__EXERCISE__:
Filter the data for "submitted" and copy matching lines.

__DATA SHOWN__:
☆ ☆ ☆ ☆ ☆
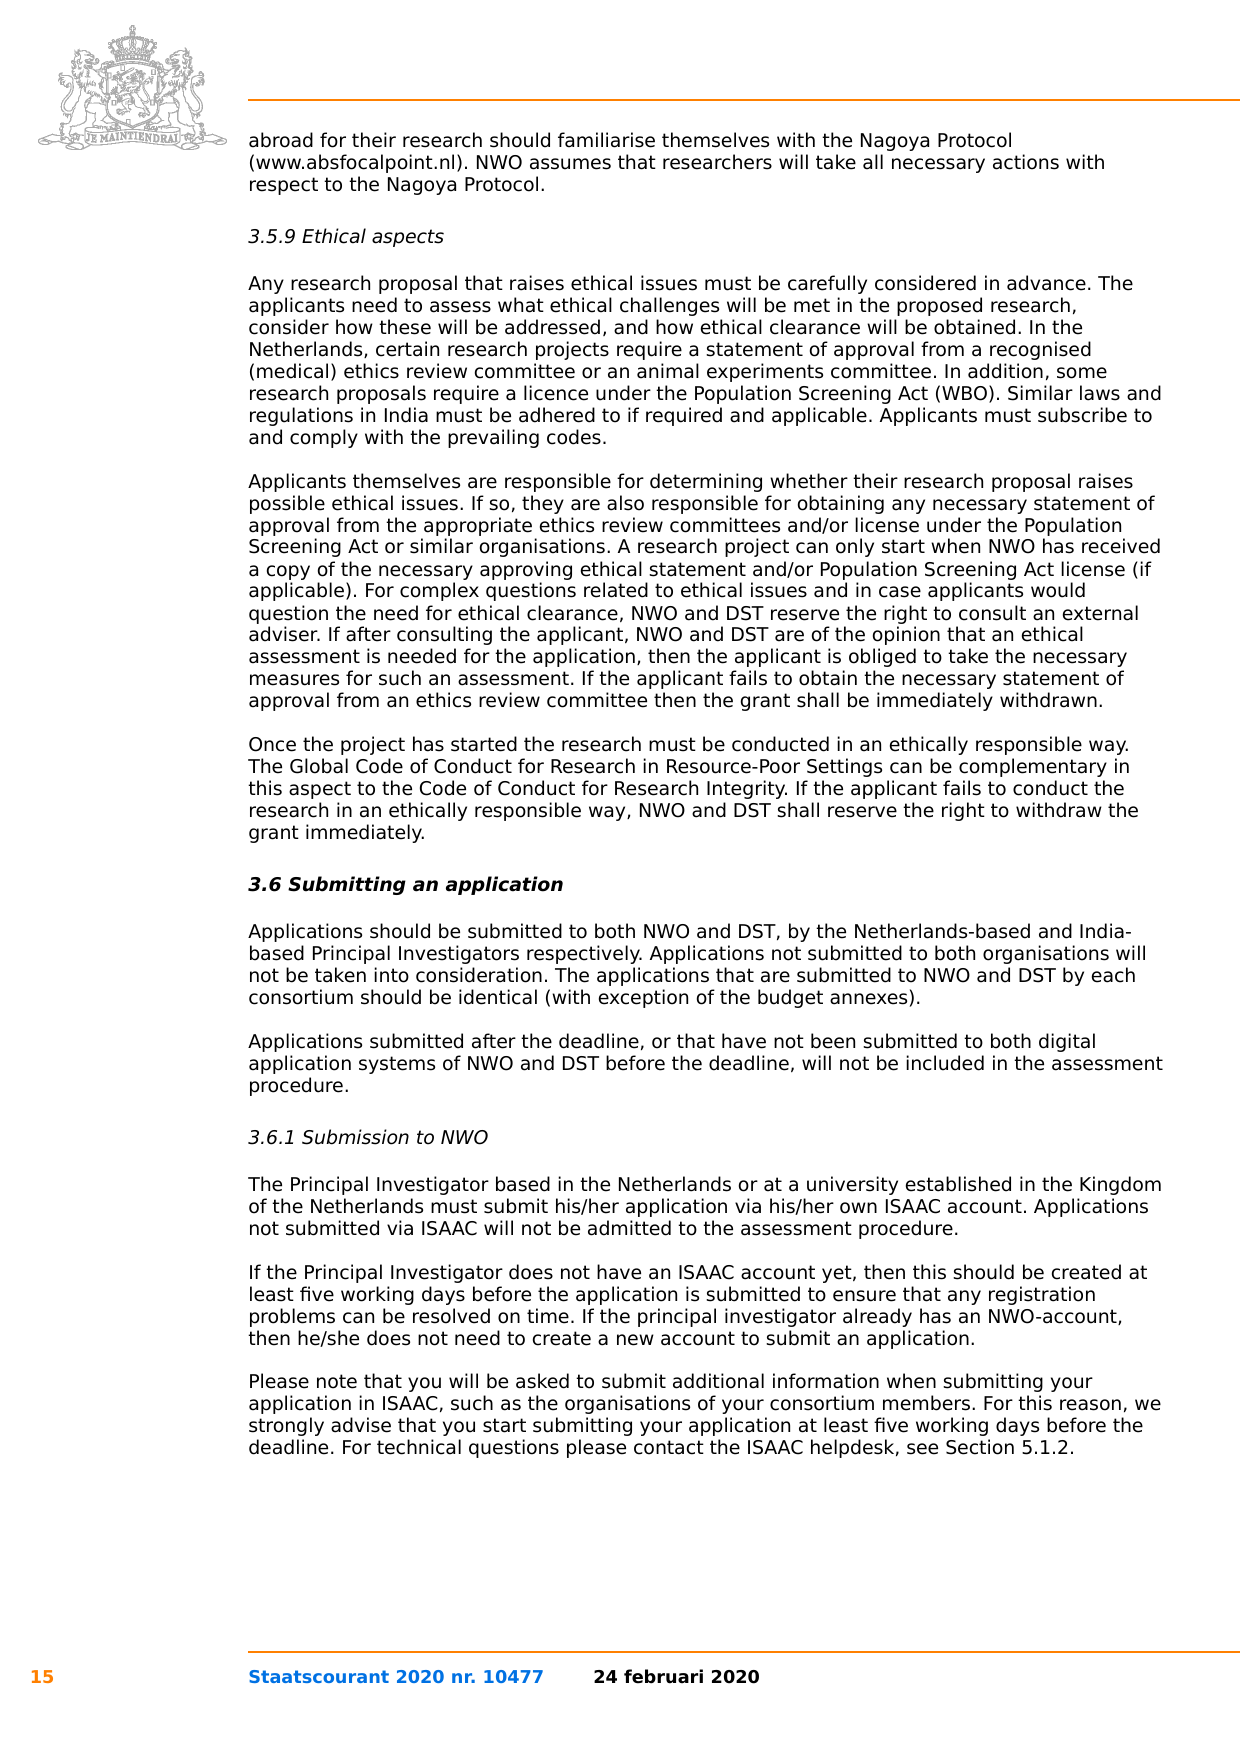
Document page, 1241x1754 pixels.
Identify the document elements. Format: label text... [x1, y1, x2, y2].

text The Principal Investigator based in the Netherlands or at a university established in the Kingdom of the Netherlands must submit his/her application via his/her own ISAAC account. Applications not submitted via ISAAC will not be admitted to the assessment procedure. [248, 1174, 1163, 1240]
subtitle 3.5.9 Ethical aspects [248, 226, 1163, 248]
subtitle 3.6 Submitting an application [248, 874, 1163, 896]
text Please note that you will be asked to submit additional information when submitting your application in ISAAC, such as the organisations of your consortium members. For this reason, we strongly advise that you start submitting your application at least five working days before the deadline. For technical questions please contact the ISAAC helpdesk, see Section 5.1.2. [248, 1371, 1163, 1459]
text If the Principal Investigator does not have an ISAAC account yet, then this should be created at least five working days before the application is submitted to ensure that any registration problems can be resolved on time. If the principal investigator already has an NWO-account, then he/she does not need to create a new account to submit an application. [248, 1262, 1163, 1349]
text Applicants themselves are responsible for determining whether their research proposal raises possible ethical issues. If so, they are also responsible for obtaining any necessary statement of approval from the appropriate ethics review committees and/or license under the Population Screening Act or similar organisations. A research project can only start when NWO has received a copy of the necessary approving ethical statement and/or Population Screening Act license (if applicable). For complex questions related to ethical issues and in case applicants would question the need for ethical clearance, NWO and DST reserve the right to consult an external adviser. If after consulting the applicant, NWO and DST are of the opinion that an ethical assessment is needed for the application, then the applicant is obliged to take the necessary measures for such an assessment. If the applicant fails to obtain the necessary statement of approval from an ethics review committee then the grant shall be immediately withdrawn. [248, 471, 1163, 712]
text Applications submitted after the deadline, or that have not been submitted to both digital application systems of NWO and DST before the deadline, will not be included in the assessment procedure. [248, 1031, 1163, 1097]
text Once the project has started the research must be conducted in an ethically responsible way. The Global Code of Conduct for Research in Resource-Poor Settings can be complementary in this aspect to the Code of Conduct for Research Integrity. If the applicant fails to conduct the research in an ethically responsible way, NWO and DST shall reserve the right to withdraw the grant immediately. [248, 734, 1163, 844]
text Applications should be submitted to both NWO and DST, by the Netherlands-based and India-based Principal Investigators respectively. Applications not submitted to both organisations will not be taken into consideration. The applications that are submitted to NWO and DST by each consortium should be identical (with exception of the budget annexes). [248, 921, 1163, 1009]
text Any research proposal that raises ethical issues must be carefully considered in advance. The applicants need to assess what ethical challenges will be met in the proposed research, consider how these will be addressed, and how ethical clearance will be obtained. In the Netherlands, certain research projects require a statement of approval from a recognised (medical) ethics review committee or an animal experiments committee. In addition, some research proposals require a licence under the Population Screening Act (WBO). Similar laws and regulations in India must be adhered to if required and applicable. Applicants must subscribe to and comply with the prevailing codes. [248, 273, 1163, 449]
picture [38, 25, 227, 150]
subtitle 3.6.1 Submission to NWO [248, 1127, 1163, 1149]
text abroad for their research should familiarise themselves with the Nagoya Protocol (www.absfocalpoint.nl). NWO assumes that researchers will take all necessary actions with respect to the Nagoya Protocol. [248, 130, 1163, 196]
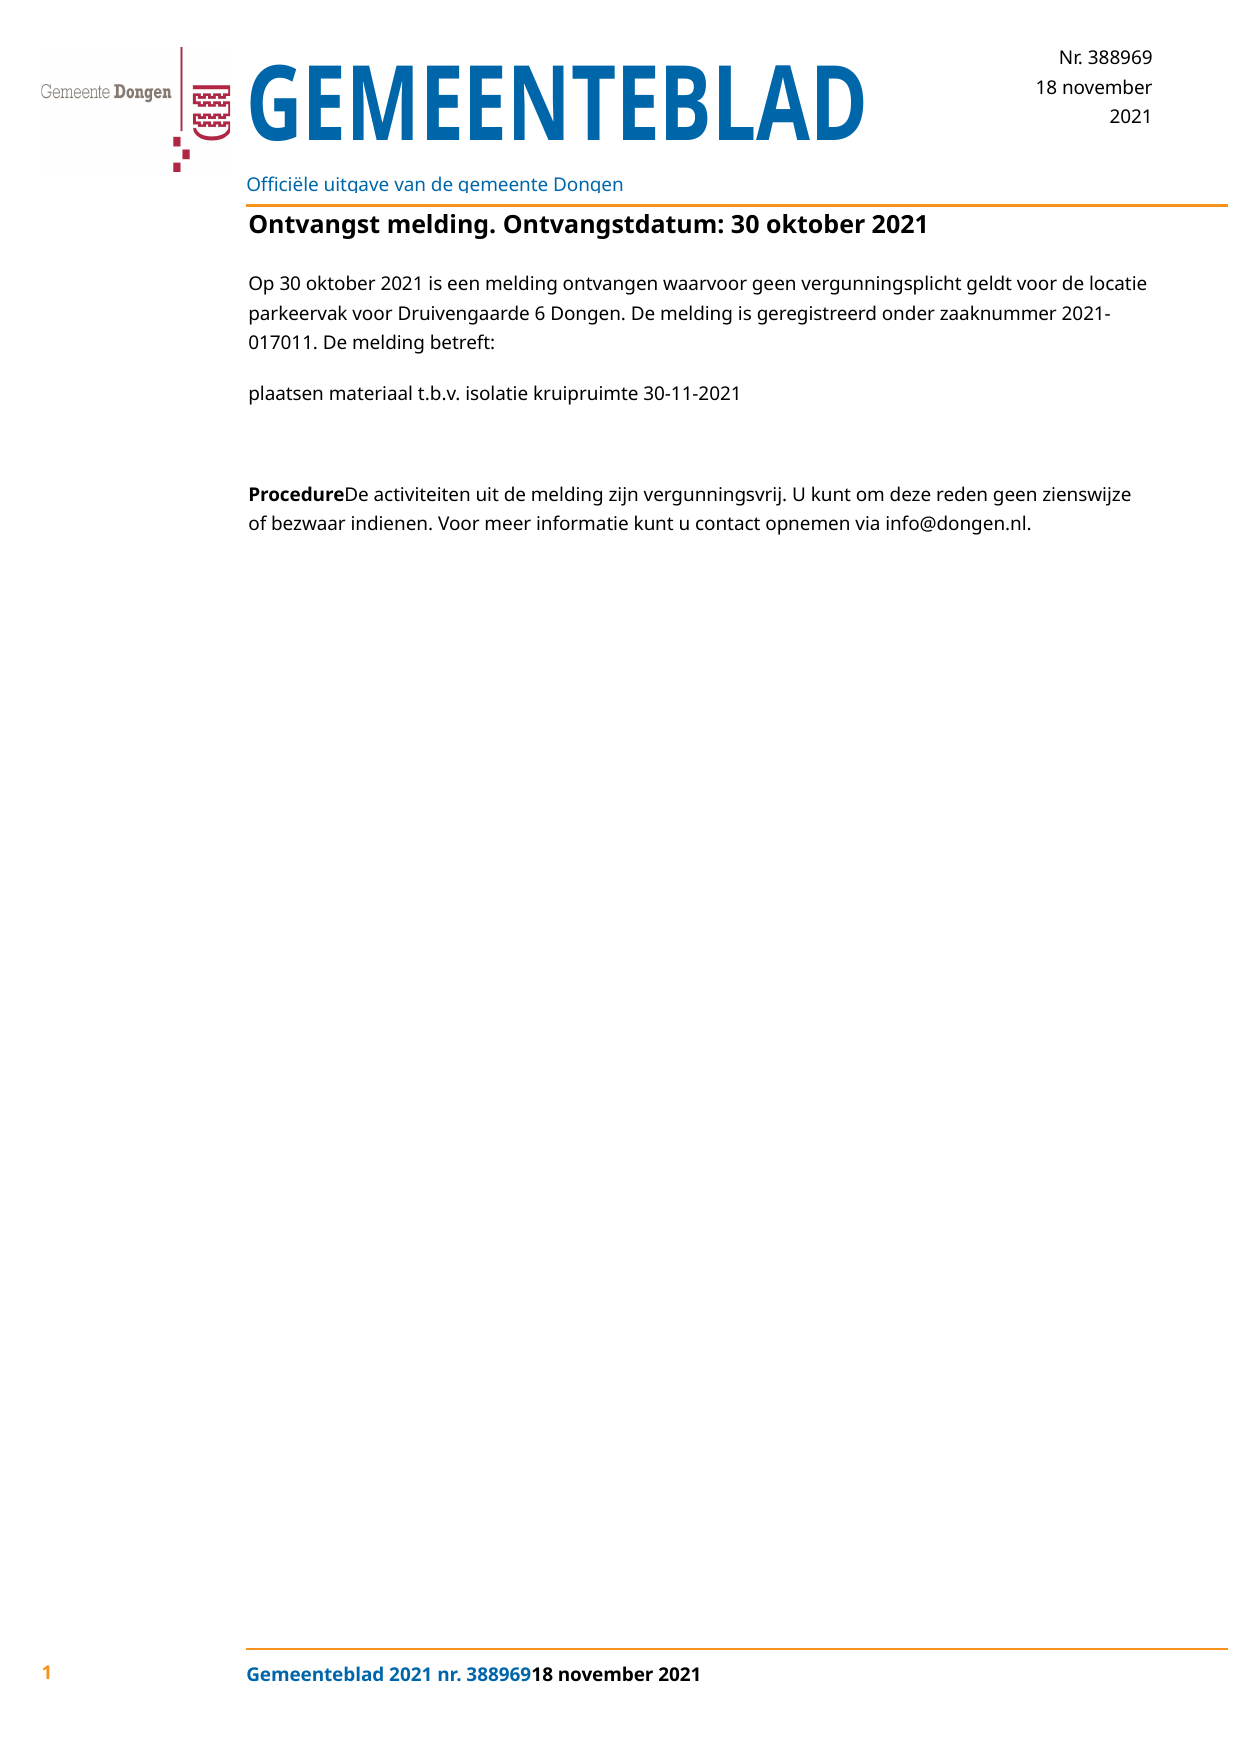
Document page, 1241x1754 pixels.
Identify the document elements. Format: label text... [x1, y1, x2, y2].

text ProcedureDe activiteiten uit de melding zijn vergunningsvrij. U kunt om deze reden geen zienswijze of bezwaar indienen. Voor meer informatie kunt u contact opnemen via info@dongen.nl. [248, 481, 1152, 536]
text Op 30 oktober 2021 is een melding ontvangen waarvoor geen vergunningsplicht geldt voor de locatie parkeervak voor Druivengaarde 6 Dongen. De melding is geregistreerd onder zaaknummer 2021-017011. De melding betreft: [248, 270, 1152, 355]
text plaatsen materiaal t.b.v. isolatie kruipruimte 30-11-2021 [248, 380, 1152, 406]
text Ontvangst melding. Ontvangstdatum: 30 oktober 2021 [248, 207, 1152, 241]
picture [41, 47, 231, 172]
☆ ☆ ☆ ☆ ☆
__WRITTEN ANSWER__:
text The Principal Investigator based in the Netherlands or at a university established in the Kingdom of the Netherlands must submit his/her application via his/her own ISAAC account. Applications not submitted via ISAAC will not be admitted to the assessment procedure. [248, 1174, 1163, 1240]
text If the Principal Investigator does not have an ISAAC account yet, then this should be created at least five working days before the application is submitted to ensure that any registration problems can be resolved on time. If the principal investigator already has an NWO-account, then he/she does not need to create a new account to submit an application. [248, 1262, 1163, 1349]
text Applications submitted after the deadline, or that have not been submitted to both digital application systems of NWO and DST before the deadline, will not be included in the assessment procedure. [248, 1031, 1163, 1097]
text Applications should be submitted to both NWO and DST, by the Netherlands-based and India-based Principal Investigators respectively. Applications not submitted to both organisations will not be taken into consideration. The applications that are submitted to NWO and DST by each consortium should be identical (with exception of the budget annexes). [248, 921, 1163, 1009]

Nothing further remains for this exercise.